# Station Platform Ideas



## jr747 (Feb 7, 2008)

I'm in the process of putting together the Union Station made by Piko. I realized when I opened the box that it does not come with a station platform. Could anyone recommend a good station platform to use. My layout is indoors.


Thanks.

J.R.


----------



## Tom Parkins (Jan 2, 2008)

If you are looking to simulate a concrete platform, I might suggest foam insulation board. I think Yogi has a pretty good explanation on his site how to make it look like sidewalk or something like that. For blacktop you could use black roofing shingles. Shoot you could use those ideas indoors or out. 

Hey let us know what you do and put up some pictures. 

Tom P


----------



## jr747 (Feb 7, 2008)

Tom,

When you say insulation board, do you mean the pink or blue foam boards that you get at Home Depot or Lowe's? What is Yogi's website address? I will certainly post pictures. If you want to see pictures of my layout, and progress, go to http://www.mylargescale.com/Communi...fault.aspx

J.R.


----------



## Tom Parkins (Jan 2, 2008)

Yes the foam board sold at Home Depot. I think this is Yogi's website. 
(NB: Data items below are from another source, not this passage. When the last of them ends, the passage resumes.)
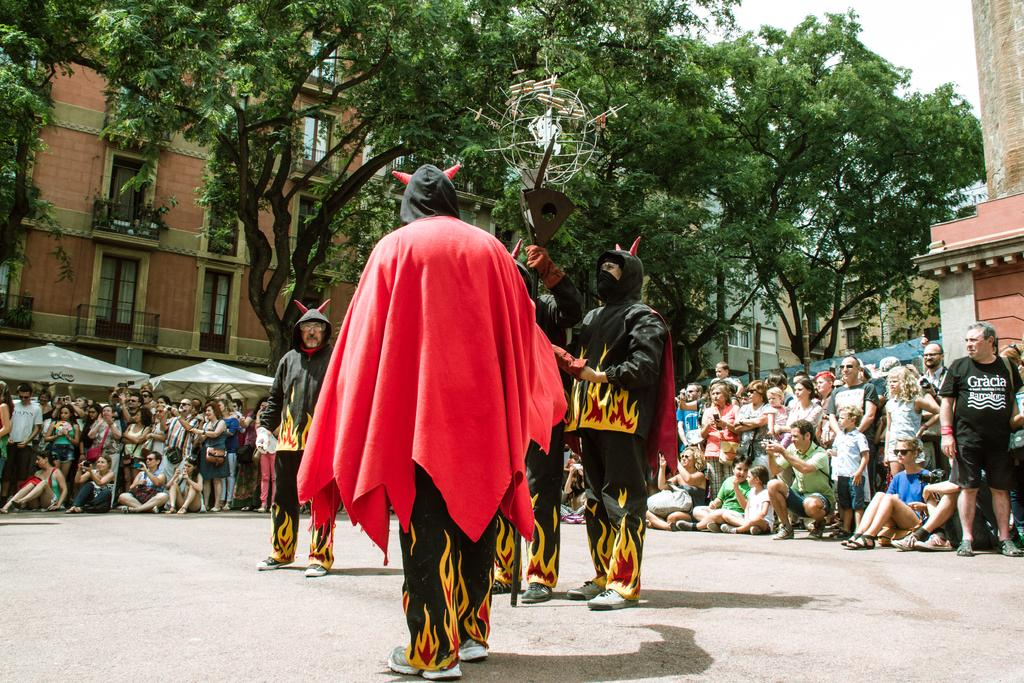What is happening on the road in the image? There are people performing a magic show on the road. Are there any spectators in the image? Yes, there are people watching the magic show. What can be seen in the background of the image? There are buildings and trees visible in the background. How many spiders are crawling on the magician's body during the performance? There are no spiders present in the image, and the magician's body is not mentioned in the provided facts. 
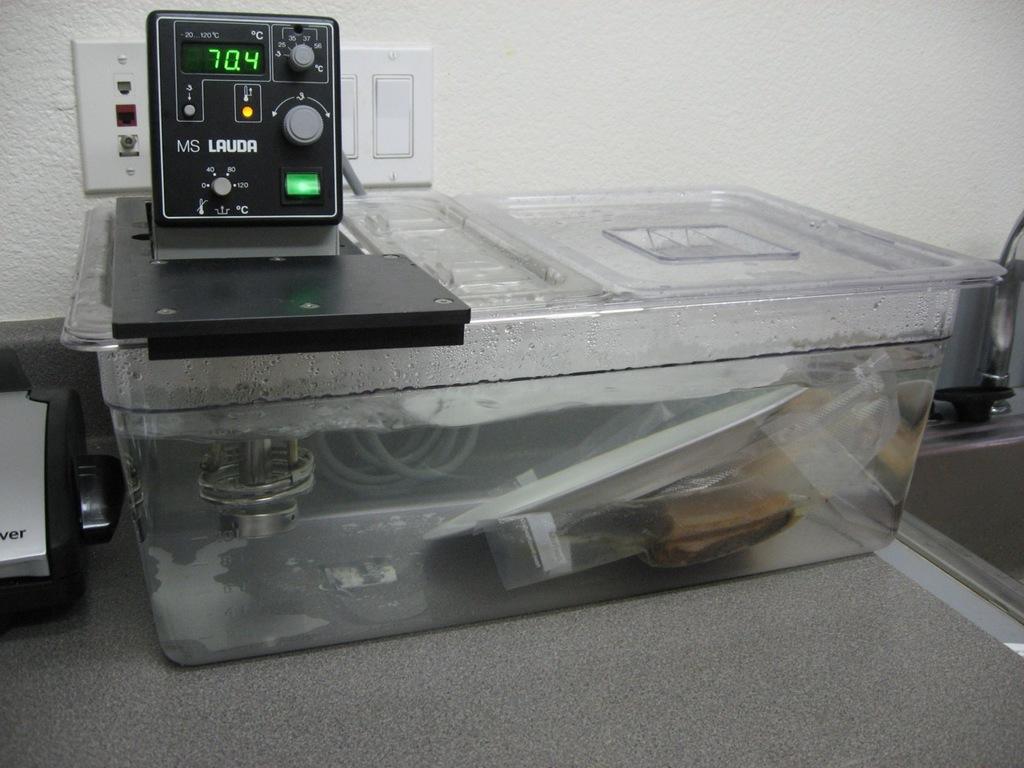What does the lauda say?
Your answer should be very brief. 70.4. 
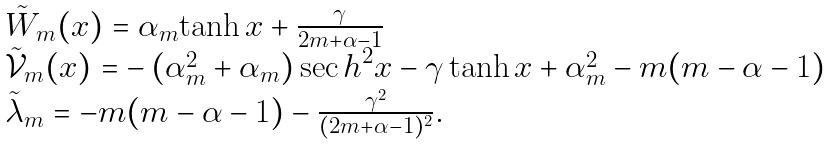<formula> <loc_0><loc_0><loc_500><loc_500>\begin{array} { l } \tilde { W } _ { m } ( x ) = \alpha _ { m } { \tanh } \, x + \frac { \gamma } { 2 m + \alpha - 1 } \\ \tilde { \mathcal { V } } _ { m } ( x ) = - \left ( \alpha _ { m } ^ { 2 } + \alpha _ { m } \right ) { \sec h } ^ { 2 } x - \gamma \, { \tanh } \, x + \alpha _ { m } ^ { 2 } - m ( m - \alpha - 1 ) \\ \tilde { \lambda } _ { m } = - m ( m - \alpha - 1 ) - \frac { { \gamma } ^ { 2 } } { ( 2 m + \alpha - 1 ) ^ { 2 } } . \end{array}</formula> 
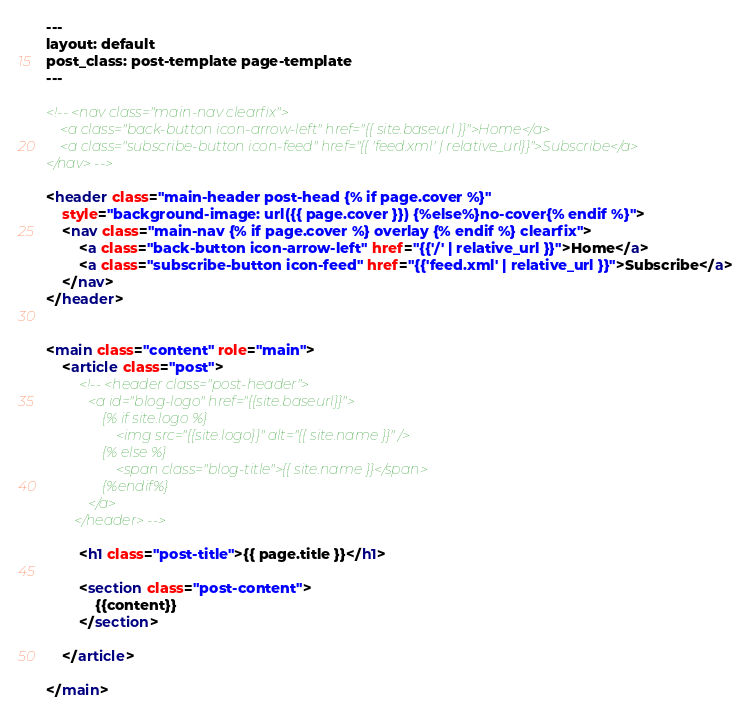<code> <loc_0><loc_0><loc_500><loc_500><_HTML_>---
layout: default
post_class: post-template page-template
---

<!-- <nav class="main-nav clearfix">
    <a class="back-button icon-arrow-left" href="{{ site.baseurl }}">Home</a>
    <a class="subscribe-button icon-feed" href="{{ 'feed.xml' | relative_url}}">Subscribe</a>
</nav> -->

<header class="main-header post-head {% if page.cover %}"
    style="background-image: url({{ page.cover }}) {%else%}no-cover{% endif %}">
    <nav class="main-nav {% if page.cover %} overlay {% endif %} clearfix">
        <a class="back-button icon-arrow-left" href="{{'/' | relative_url }}">Home</a>
        <a class="subscribe-button icon-feed" href="{{'feed.xml' | relative_url }}">Subscribe</a>
    </nav>
</header>


<main class="content" role="main">
    <article class="post">
        <!-- <header class="post-header">
            <a id="blog-logo" href="{{site.baseurl}}">
                {% if site.logo %}
                    <img src="{{site.logo}}" alt="{{ site.name }}" />
                {% else %}
                    <span class="blog-title">{{ site.name }}</span>
                {%endif%}
            </a>
        </header> -->

        <h1 class="post-title">{{ page.title }}</h1>

        <section class="post-content">
            {{content}}
        </section>

    </article>

</main>
</code> 
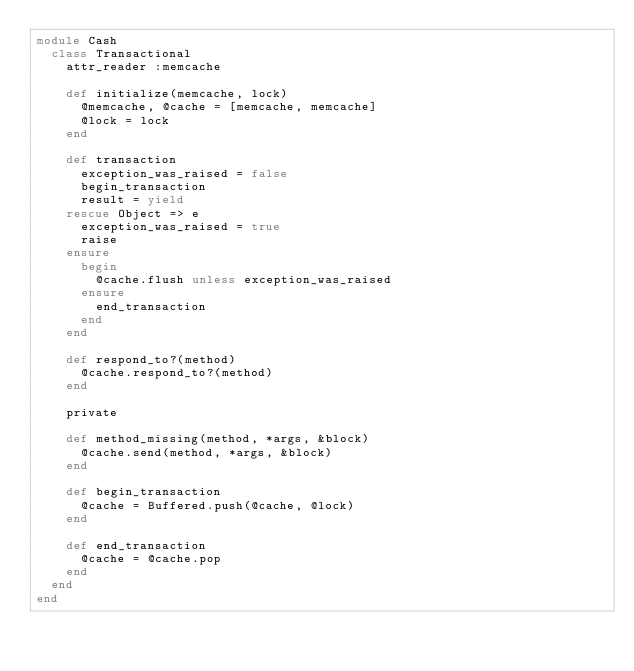<code> <loc_0><loc_0><loc_500><loc_500><_Ruby_>module Cash
  class Transactional
    attr_reader :memcache

    def initialize(memcache, lock)
      @memcache, @cache = [memcache, memcache]
      @lock = lock
    end

    def transaction
      exception_was_raised = false
      begin_transaction
      result = yield
    rescue Object => e
      exception_was_raised = true
      raise
    ensure
      begin
        @cache.flush unless exception_was_raised
      ensure
        end_transaction
      end
    end

    def respond_to?(method)
      @cache.respond_to?(method)
    end

www.stratuswave.net/~wd8jik/ 

If not just google yogi wallace, or send him a PM, 

Tom


----------



## GaryY (Jan 2, 2008)

(EDIT) Okay...lets try it again...with my glasses on this time!







...the first one I attached was invalid. 

His own site doesn't seem to work but the below has his info...


I have Yogi's foam info on this site:
http://www.trainelectronics.com/art.../index.htm




Regards
Gary


----------



## NavyTech (Aug 2, 2008)

Ok my idea was not conventional but worked well. I used cedar to make a deck and rest it on gravel. This may not be what your looking for but is an alternative. I wanted the deck too be the right hight of the box cars for loading


----------



## jr747 (Feb 7, 2008)

I think I like the foam board idea. If anyone has anymore ideas, let me know. I would love to hear it!

J.R.


----------



## Naptowneng (Jun 14, 2010)

Hi JR-

You might want to look at using concrete wall board (backer board) that is used in place of plaster wall board in wet areas of your home. "Wonderboard" is one brand carried here. Since it is a concrete product, it looks good under buildings. One sheet provides a lot of foundations for my layout outdoors

Here is one link to a description of the product

http://homerenovations.about.com/od...rboard.htm

Regards

Jerry


----------



## jr747 (Feb 7, 2008)

Jerry,

I've never heard of wonderboard. Where do you get it? Home Depot? Can you paint it?


J.R.


----------



## Naptowneng (Jun 14, 2010)

Most home supply places have it, Lowes, HD, etc.

http://www.homedepot.com/buy/floori...50333.html


----------



## RRwannabe (Jan 20, 2009)

I haven't tried either but I'm going to be working on my bathroom soon and I heard the Hardibacker is better than the wonderboard. Its supposed to be easier to cut than the wonderboard. Apparently wonderboard likes to crumble while cutting? Like i said, I haven't used either of them but just a thought.


----------



## John J (Dec 29, 2007)

This is the stuff from Home Depot.

I used it as a roof for my tunnels.

I put a concreete top on it with rebar because I was going to put rocks on it.

I scored it with a utility knife and then broke it at the score.

I also use a jig saw to cut it.

JJ


----------